# Import PANDAS Library

Notice that we are using pd as an abbreviation so each time we want to use the PANDAS library, we can simply type pd instead of pandas.

In [1]:
import pandas as pd
pd.options.display.float_format = '{:,.2f}'.format

# Import Dataset (either full dataset or simplified)

You can use either set of datafiles (full or simplified). In the past some students' computers could not handle the full dataset. If you worry that your computer will not handle the full dataset (or if you find your code is running very slow), use the simplified version. 

The simplified version was created by taking a sample of the full data; hence the simplified files have "Sample" added to the end of the file names. Some files were not large to begin with and didn't need to be reduced. Those files do not have Sample added to the end of the file name.

## Adjust the file address below to match your computer.

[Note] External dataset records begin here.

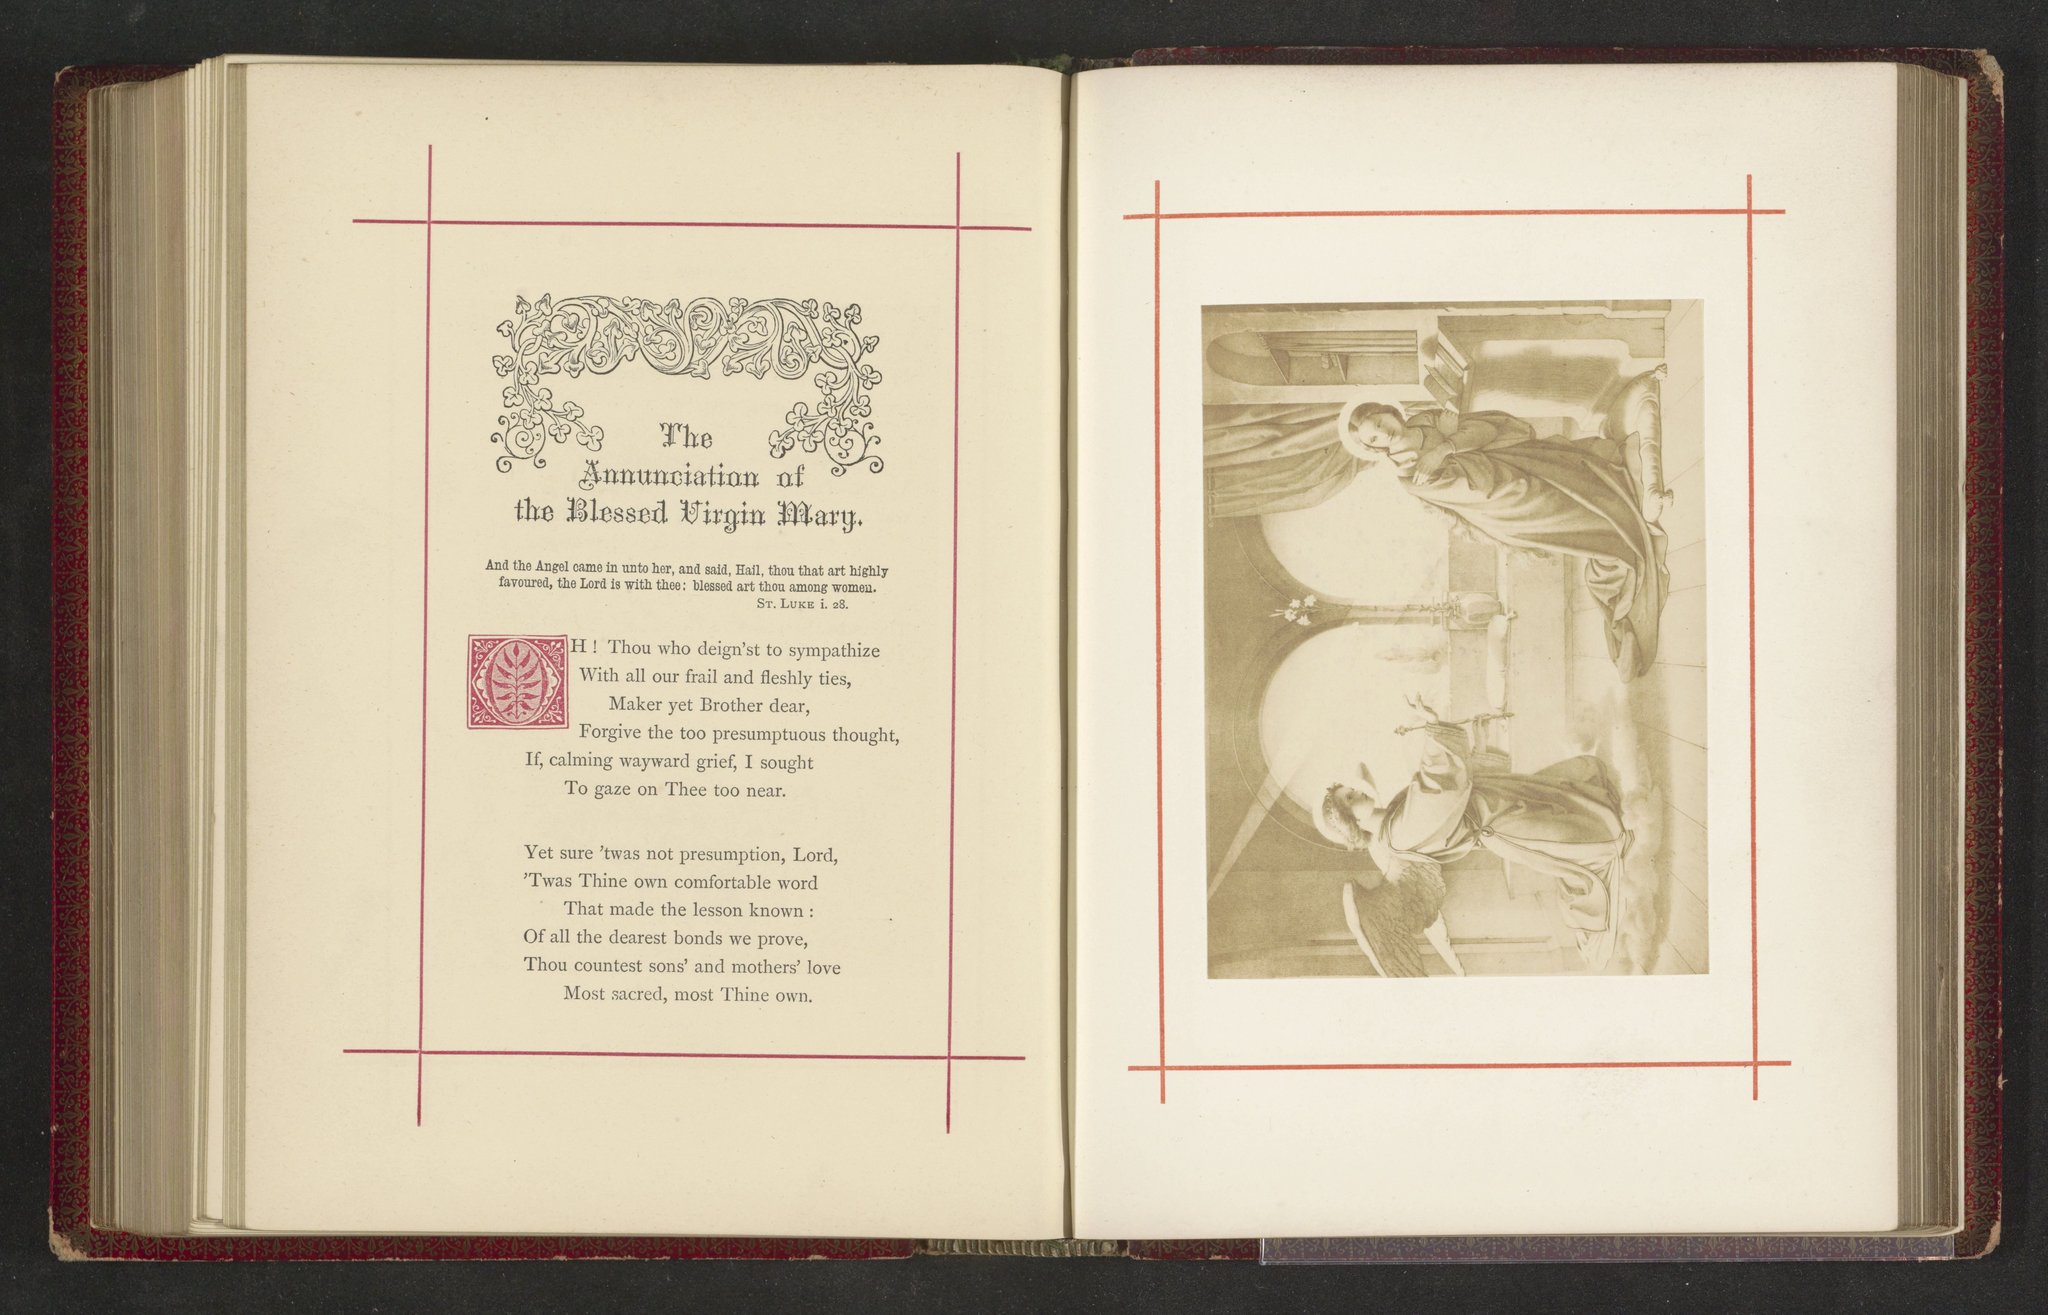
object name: photograph
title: Fotoreproductie van een prent, voorstellende de Annunciatie
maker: Anonymous
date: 1868-1873
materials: photographic support
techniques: albumen print
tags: the annunciation: mary kneeling

You will want to replace the begining of the address below (i.e., everything before OneDrive - Oregon State University/)

In [2]:
begInv = pd.read_csv("BegInvFINAL12312016.csv")

In [3]:
begInv.head(2)

Unnamed: 0,InventoryId,Store,City,Brand,Description,Size,onHand,Price,startDate
0,1_HARDERSFIELD_58,1,HARDERSFIELD,58,Gekkeikan Black & Gold Sake,750mL,8,12.99,2016-01-01
1,1_HARDERSFIELD_60,1,HARDERSFIELD,60,Canadian Club 1858 VAP,750mL,7,10.99,2016-01-01


In [4]:
begInv = begInv.rename(columns = {'onHand':'begQty'})
begInv.head(2)

Unnamed: 0,InventoryId,Store,City,Brand,Description,Size,begQty,Price,startDate
0,1_HARDERSFIELD_58,1,HARDERSFIELD,58,Gekkeikan Black & Gold Sake,750mL,8,12.99,2016-01-01
1,1_HARDERSFIELD_60,1,HARDERSFIELD,60,Canadian Club 1858 VAP,750mL,7,10.99,2016-01-01


In [5]:
begInv['begInvCost'] = begInv['begQty'] * begInv['Price']
begInv.head(2)

Unnamed: 0,InventoryId,Store,City,Brand,Description,Size,begQty,Price,startDate,begInvCost
0,1_HARDERSFIELD_58,1,HARDERSFIELD,58,Gekkeikan Black & Gold Sake,750mL,8,12.99,2016-01-01,103.92
1,1_HARDERSFIELD_60,1,HARDERSFIELD,60,Canadian Club 1858 VAP,750mL,7,10.99,2016-01-01,76.93


In [6]:
begInv_Store = begInv[['Store','begQty','begInvCost']].groupby('Store').sum()
begInv_Store.head(2)

Unnamed: 0_level_0,begQty,begInvCost
Store,Unnamed: 1_level_1,Unnamed: 2_level_1
1,49917,838079.59
2,52925,840452.2


In [7]:
begInv_Store.sort_values(by='begInvCost',ascending=False).head(10)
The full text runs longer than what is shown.